──────── Supplied data ────────

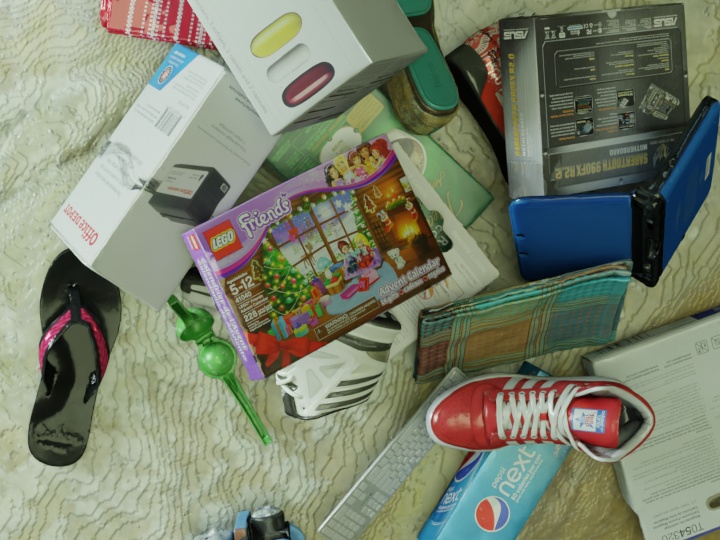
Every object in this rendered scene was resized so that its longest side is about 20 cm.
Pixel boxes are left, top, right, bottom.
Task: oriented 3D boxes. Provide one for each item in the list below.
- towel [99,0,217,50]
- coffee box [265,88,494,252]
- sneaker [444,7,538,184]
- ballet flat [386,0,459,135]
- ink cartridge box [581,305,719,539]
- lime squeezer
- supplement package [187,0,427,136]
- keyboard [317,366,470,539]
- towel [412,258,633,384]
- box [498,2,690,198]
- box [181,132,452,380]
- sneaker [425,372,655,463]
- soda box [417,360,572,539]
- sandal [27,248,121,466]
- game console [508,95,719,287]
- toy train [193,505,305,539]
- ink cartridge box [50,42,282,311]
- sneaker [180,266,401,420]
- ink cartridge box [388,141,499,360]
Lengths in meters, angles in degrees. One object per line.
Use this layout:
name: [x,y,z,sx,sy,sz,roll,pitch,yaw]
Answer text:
towel: [-0.128,-0.271,1.514,0.198,0.022,0.146,8,92,-11]
coffee box: [0.011,-0.090,1.541,0.200,0.044,0.123,41,91,-10]
sneaker: [0.169,-0.141,1.548,0.108,0.067,0.202,-36,106,-13]
ballet flat: [0.037,-0.213,1.516,0.070,0.071,0.202,-13,72,-7]
ink cartridge box: [0.332,0.145,1.614,0.195,0.043,0.202,-18,100,-8]
lime squeezer: [-0.131,0.075,1.529,0.038,0.070,0.201,-41,130,-15]
supplement package: [-0.058,-0.233,1.409,0.110,0.156,0.201,-33,89,22]
keyboard: [0.036,0.177,1.571,0.011,0.056,0.200,39,89,34]
towel: [0.147,0.051,1.534,0.198,0.147,0.022,-13,63,-7]
box: [0.215,-0.155,1.516,0.199,0.048,0.160,-12,102,-37]
box: [-0.035,-0.013,1.421,0.199,0.039,0.138,-28,95,-24]
sneaker: [0.162,0.131,1.486,0.198,0.112,0.072,-5,96,-8]
soda box: [0.136,0.190,1.577,0.068,0.064,0.201,32,90,-10]
sandal: [-0.259,0.081,1.517,0.074,0.045,0.202,8,94,-9]
game console: [0.228,-0.068,1.497,0.118,0.200,0.171,29,77,17]
toy train: [-0.097,0.319,1.547,0.113,0.087,0.202,-9,97,-1]
ink cartridge box: [-0.167,-0.084,1.458,0.083,0.145,0.201,35,90,-28]
sneaker: [-0.072,0.071,1.478,0.199,0.076,0.116,16,103,-9]
ink cartridge box: [0.000,0.000,1.524,0.199,0.050,0.161,-38,104,6]
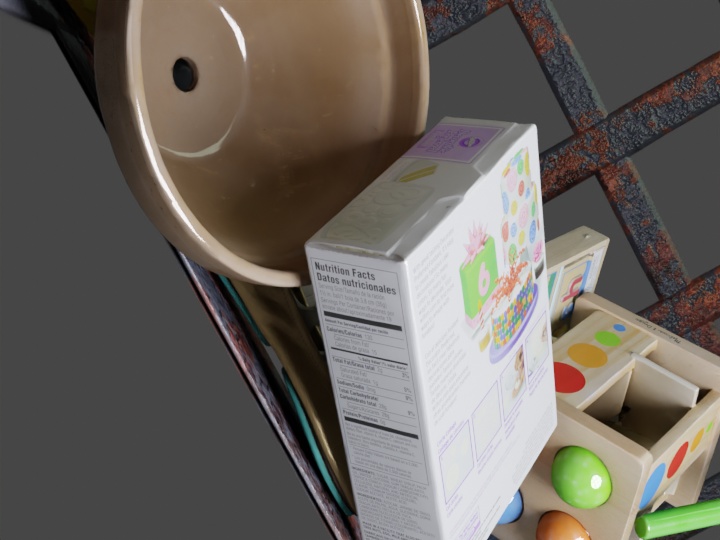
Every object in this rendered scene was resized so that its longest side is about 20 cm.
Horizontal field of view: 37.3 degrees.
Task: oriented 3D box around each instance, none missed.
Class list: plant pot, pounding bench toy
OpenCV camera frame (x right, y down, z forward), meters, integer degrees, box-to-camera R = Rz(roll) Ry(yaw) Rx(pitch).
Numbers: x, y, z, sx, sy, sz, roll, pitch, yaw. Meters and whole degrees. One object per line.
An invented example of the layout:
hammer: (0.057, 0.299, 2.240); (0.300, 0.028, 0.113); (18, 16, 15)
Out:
plant pot: (-0.060, -0.096, 0.517); (0.092, 0.202, 0.202); (4, -44, 40)
pounding bench toy: (0.181, 0.134, 0.708); (0.199, 0.155, 0.126); (29, -52, 32)

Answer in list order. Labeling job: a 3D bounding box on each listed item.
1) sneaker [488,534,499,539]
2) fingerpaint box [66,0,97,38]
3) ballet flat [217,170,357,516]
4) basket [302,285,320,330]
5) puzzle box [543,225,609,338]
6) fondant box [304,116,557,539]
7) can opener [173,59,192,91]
sneaker: (0.112, 0.188, 0.872); (0.203, 0.144, 0.078); (-105, -157, -63)
fingerpaint box: (-0.165, -0.234, 0.551); (0.168, 0.073, 0.201); (61, 1, 39)
ballet flat: (-0.025, 0.037, 0.582); (0.202, 0.062, 0.069); (62, 0, -4)
basket: (0.000, 0.000, 0.825); (0.125, 0.134, 0.200); (63, 2, 6)
puzzle box: (0.117, 0.075, 0.784); (0.025, 0.132, 0.203); (29, -57, 32)
fondant box: (0.047, 0.041, 0.562); (0.144, 0.058, 0.202); (-44, 135, -45)
can opener: (-0.064, -0.123, 0.789); (0.198, 0.067, 0.053); (20, 16, -35)

────────

Requirement: Your answer must be the entries written out word for word, without their pictures.

Answer space:
Every object in this rendered scene was resized so that its longest side is about 20 cm.
Pixel boxes are left, top, right, bottom.
Task: oriented 3D boxes. Provide one for each item in the list below.
- towel [99,0,217,50]
- coffee box [265,88,494,252]
- sneaker [444,7,538,184]
- ballet flat [386,0,459,135]
- ink cartridge box [581,305,719,539]
- lime squeezer
- supplement package [187,0,427,136]
- keyboard [317,366,470,539]
- towel [412,258,633,384]
- box [498,2,690,198]
- box [181,132,452,380]
- sneaker [425,372,655,463]
- soda box [417,360,572,539]
- sandal [27,248,121,466]
- game console [508,95,719,287]
- toy train [193,505,305,539]
- ink cartridge box [50,42,282,311]
- sneaker [180,266,401,420]
- ink cartridge box [388,141,499,360]
Lengths in meters, angles in degrees. One object per line.
Use this layout:
name: [x,y,z,sx,sy,sz,roll,pitch,yaw]
Answer text:
towel: [-0.128,-0.271,1.514,0.198,0.022,0.146,8,92,-11]
coffee box: [0.011,-0.090,1.541,0.200,0.044,0.123,41,91,-10]
sneaker: [0.169,-0.141,1.548,0.108,0.067,0.202,-36,106,-13]
ballet flat: [0.037,-0.213,1.516,0.070,0.071,0.202,-13,72,-7]
ink cartridge box: [0.332,0.145,1.614,0.195,0.043,0.202,-18,100,-8]
lime squeezer: [-0.131,0.075,1.529,0.038,0.070,0.201,-41,130,-15]
supplement package: [-0.058,-0.233,1.409,0.110,0.156,0.201,-33,89,22]
keyboard: [0.036,0.177,1.571,0.011,0.056,0.200,39,89,34]
towel: [0.147,0.051,1.534,0.198,0.147,0.022,-13,63,-7]
box: [0.215,-0.155,1.516,0.199,0.048,0.160,-12,102,-37]
box: [-0.035,-0.013,1.421,0.199,0.039,0.138,-28,95,-24]
sneaker: [0.162,0.131,1.486,0.198,0.112,0.072,-5,96,-8]
soda box: [0.136,0.190,1.577,0.068,0.064,0.201,32,90,-10]
sandal: [-0.259,0.081,1.517,0.074,0.045,0.202,8,94,-9]
game console: [0.228,-0.068,1.497,0.118,0.200,0.171,29,77,17]
toy train: [-0.097,0.319,1.547,0.113,0.087,0.202,-9,97,-1]
ink cartridge box: [-0.167,-0.084,1.458,0.083,0.145,0.201,35,90,-28]
sneaker: [-0.072,0.071,1.478,0.199,0.076,0.116,16,103,-9]
ink cartridge box: [0.000,0.000,1.524,0.199,0.050,0.161,-38,104,6]
Every object in this rendered scene was resized so that its longest side is about 20 cm.
Horizontal field of view: 37.3 degrees.
Task: oriented 3D box around each instance, none missed.
Class list: plant pot, pounding bench toy
OpenCV camera frame (x right, y down, z forward), meters, integer degrees, box-to-camera R = Rz(roll) Ry(yaw) Rx(pitch).
Numbers: x, y, z, sx, sy, sz, roll, pitch, yaw. Meters and whole degrees. One object per line.
An invented example of the layout:
hammer: (0.057, 0.299, 2.240); (0.300, 0.028, 0.113); (18, 16, 15)
Out:
plant pot: (-0.060, -0.096, 0.517); (0.092, 0.202, 0.202); (4, -44, 40)
pounding bench toy: (0.181, 0.134, 0.708); (0.199, 0.155, 0.126); (29, -52, 32)

Answer in list order. Labeling job: a 3D bounding box on each listed item.
1) sneaker [488,534,499,539]
2) fingerpaint box [66,0,97,38]
3) ballet flat [217,170,357,516]
4) basket [302,285,320,330]
5) puzzle box [543,225,609,338]
6) fondant box [304,116,557,539]
7) can opener [173,59,192,91]
sneaker: (0.112, 0.188, 0.872); (0.203, 0.144, 0.078); (-105, -157, -63)
fingerpaint box: (-0.165, -0.234, 0.551); (0.168, 0.073, 0.201); (61, 1, 39)
ballet flat: (-0.025, 0.037, 0.582); (0.202, 0.062, 0.069); (62, 0, -4)
basket: (0.000, 0.000, 0.825); (0.125, 0.134, 0.200); (63, 2, 6)
puzzle box: (0.117, 0.075, 0.784); (0.025, 0.132, 0.203); (29, -57, 32)
fondant box: (0.047, 0.041, 0.562); (0.144, 0.058, 0.202); (-44, 135, -45)
can opener: (-0.064, -0.123, 0.789); (0.198, 0.067, 0.053); (20, 16, -35)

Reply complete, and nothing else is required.